March 1, 2026

VIDÉO. "Merci Jeannine", des plats à 13 € et zéro déchet : comment cette start-up toulousaine réinvente la pause déjeuner à vélo

l’essentiel
Paul et Maëlle lancent “Merci Jeannine”. Ce service de livraison à taille humaine a vocation à proposer les plats des restaurants que l’on ne retrouve pas sur les grosses plateformes.

Vous les avez peut-être vus passer dans les rues de Toulouse. Avec leur vélo électrique, “Merci Jeannine” sillonne la ville pour proposer une nouvelle alternative à la livraison classique. Tout commence sur les bancs d’une école d’ingénieurs à Toulouse, où Paul, 25 ans, et Maëlle, 24 ans, imaginent ce qui va devenir leur future start-up.

C’est seulement en novembre dernier qu’ils testent la réactivité des Toulousains par rapport à leur idée : une alternative de livraison pour les restaurants qui n’ont pas leur place sur les plateformes classiques. Bingo, l’accueil est positif. L’entreprise Merci Jeannine, qui tient son nom de la grand-mère de Paul, voit le jour en 2026.

Une tournée quotidienne

Leur trajet débute chaque matin dans un restaurant différent : Papille, Native Canteen, Pom Mamie… Pour Quentin, du restaurant Papille, c’est un bon moyen de mieux nourrir les actifs dans les bureaux : “Je préfère cette alternative locale et plus humaine.” Pour le restaurateur, c’est une nouveauté ; avant, il ne proposait pas de livraison.

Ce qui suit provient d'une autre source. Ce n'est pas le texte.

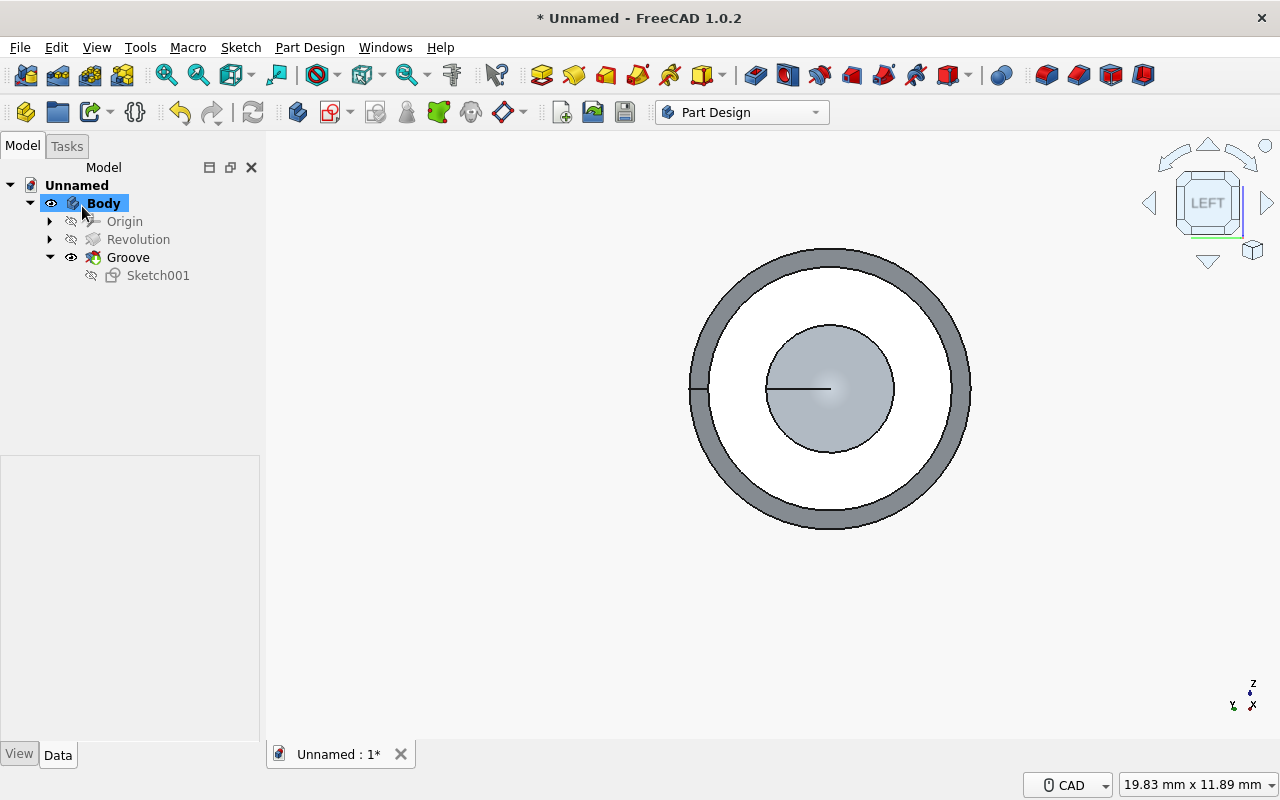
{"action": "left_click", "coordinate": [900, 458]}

Au guidon de leur vélo floqué “Jeannine”, ils réalisent chaque jour une seule tournée, ce qui rend leurs plats plus abordables. Paul explique : “Nous faisons un peu comme le laitier à l’époque : un restaurant, un plat et une tournée.” Ce gain de temps leur permet de proposer des plats à 14 euros, voire 13 euros en précommande. “De cette manière, nous n’avons jamais de surstocks.”

Un service sur-mesure

Entre clients récurrents et nouveaux curieux, Maëlle, cofondatrice, apprécie particulièrement la proximité avec ses clients : “On peut connaître leurs habitudes alimentaires ou faire une sélection de plats selon les attentes.” À la pharmacie du Jardin Royal, Adrien, pharmacien, aime surtout la variété proposée par la startup. À l’arrivée de Maëlle sur son vélo, il est déjà derrière la porte coulissante, sac et bocal vide à la main.

Quelques coups de pédale plus loin, sur les allées Jules-Guesde, un autre client les suit depuis leur lancement. Romain, kinésithérapeute, apprécie surtout le zéro déchet : “Avant, nous utilisions Deliveroo. Pour le côté éthique et politique, nous sommes passés à Merci Jeannine.”

Au menu : des plats en sauce, mijotés, comme ce midi avec du canard soja et miso accompagné de noodles sautées. Les fondateurs de l’entreprise concoctent eux-mêmes leur sélection : “On veut des restaurateurs qui proposent des produits locaux pour une cuisine de saison.” En parallèle, le duo utilise le reste de son temps pour développer les outils nécessaires au fonctionnement de leur business. Leur passé d’ingénieurs les a notamment aidés à imaginer un site de commande et des réseaux sociaux pour étendre leur visibilité.